Another Messy Fight with My Annoying Know-It-All Invisible Book Reader

I don’t know how many of you have ever written a book, but if you have, you will probably know what I am talking about. Every writer has an Annoying Know-It-All Invisible Book Reader, who always hovers in the background somewhere and pops up at the most tiresome moments and asks you annoying questions about something that's in the book or something you left out of it that you can’t answer.

I was sitting in a nice Italian restaurant which Malgorzata the Wild & Crazy Pole (pictured here with her husband Denzlerowski the Wild& Crazy East German) had rented out to show some of her friends her new documentary TV-film called "The Vietnam Express" (soon to run on Arte), about a train that runs all the way from the north to the south of Vietnam. It takes days, mainly because the quality of the train and the tracks forces the train to crawl, but you see everything, including some breathtaking scenery in the green, lush mountains.

As I watched, I couldn’t help notice that a lot of Vietnamese wore baseball caps – which I assume (but cannot be certain) is a tradition imported to Vietnam from America.

Not just a few Vietnamese wore them, everyone wore them. Old, young, male, female. It was hard to pick out anyone not wearing a baseball cap. They were everywhere I looked.
Suddenly, my Annoying Know-It-All Invisible Book Reader popped up. "See? Everything is Americanized. You were wrong. You can see that for yourself." In my new book, Planet Germany, I claim there is no such thing as Americanization, that's it's an illusion, a fata morgana, that people imagine there is such a thing because America is so big and threatening, but in reality America doesn’t export more culture than any other country.

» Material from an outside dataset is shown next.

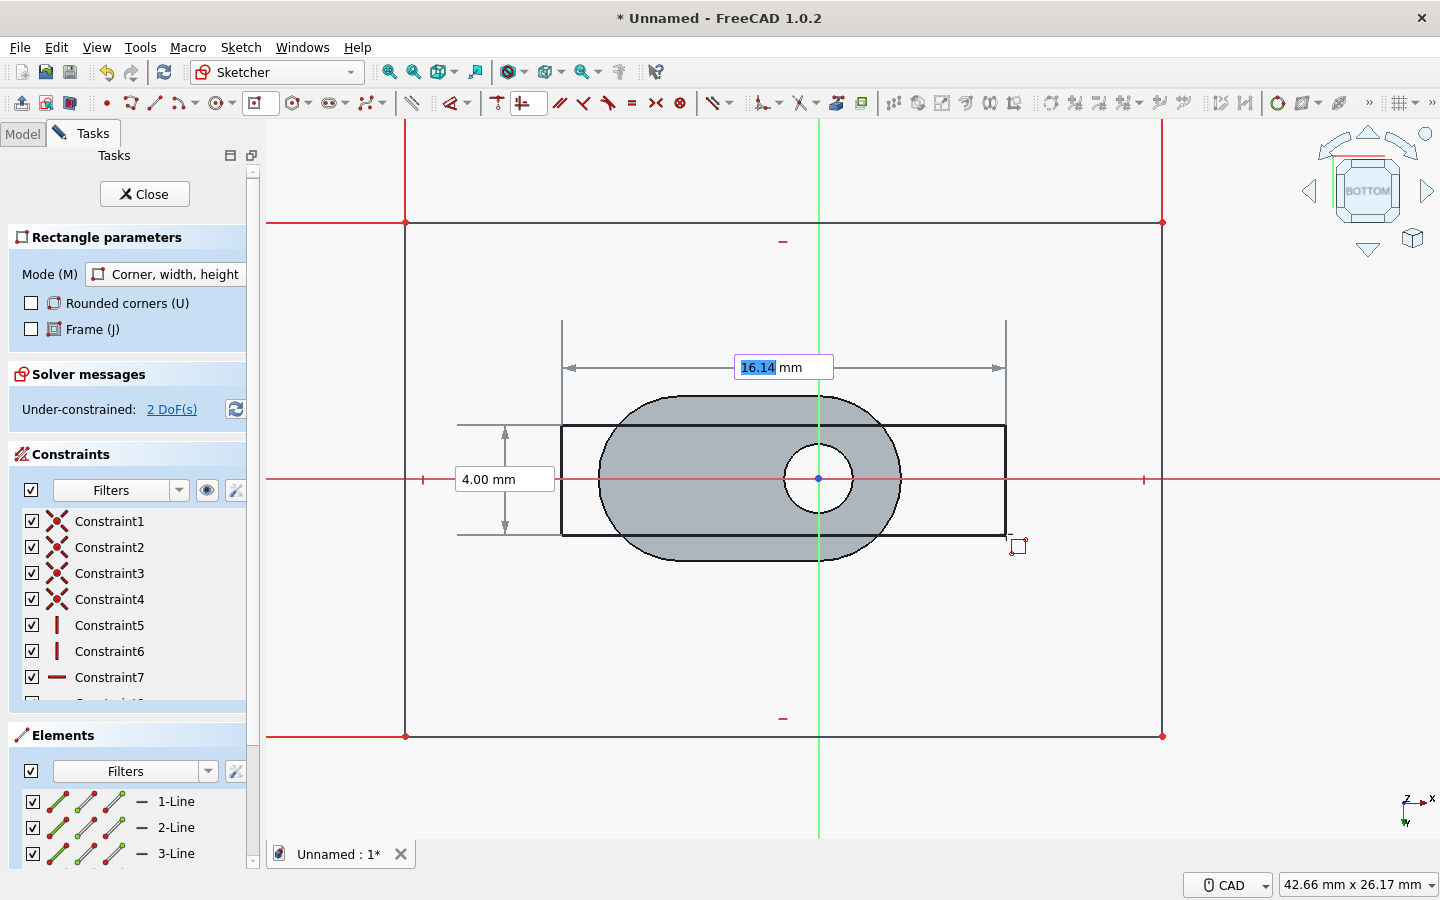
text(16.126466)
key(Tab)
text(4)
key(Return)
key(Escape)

Then this. All those baseball caps. What if I was maybe wrong after all? What if I had really got it all wrong? My God, the world really is Americanized! And the voice of that Annoying Know-It-All Invisible Book Reader sneering in my ear.

I started fidgeting in my chair. I couldn’t concentrate on the movie. The waitress asked if I wanted another beer and I nearly lunged for her throat.

Then I told myself – "Think, Eric, think. There must be a way out of this. If you were MacGyver, you would figure it out. You would think clearly and open your eyes and see everything that's there, not just the baseball caps. There must be something you're missing."
So I took another look and soon realized that there was one other thing that everyone had: mopeds. Everyone was riding one. There were no cars on the streets, just mopeds. It's the basic mode of transportation now. Where did they all came from? Probably they came from Japan, Korea or China. Not America – America makes cars, not mopeds.

In fact, America worships cars. Cars are a more important part of American culture than baseball caps any day. Any culture that prides itself in being Americanized would have cars, not mopeds. And mopeds had certainly had more influence on Vietnamese culture than baseball caps. The moped has changed Vietnamese life more than anything else. It determines how far from home you can get a job, it determines how much stuff you can carry to and from the marketplace. It determines how cities are structured. Not to mention the pollution which, to judge from reports, is horrendous.

Clearly, the mopped has much more influence than the baseball cap. But still, no one ever talks about the Japanization, Chinesation or Koreanization of countries like Vietnam. It was just a bad instinct that made me focus on the baseball caps and not see what was clearly in front of my eyes.

After that, that Annoying Know-It-All Invisible Book Reader vanished again and I could lean back and enjoy my night out.

Let me tell you, it takes a lot nowadays to get me to enjoy a night out.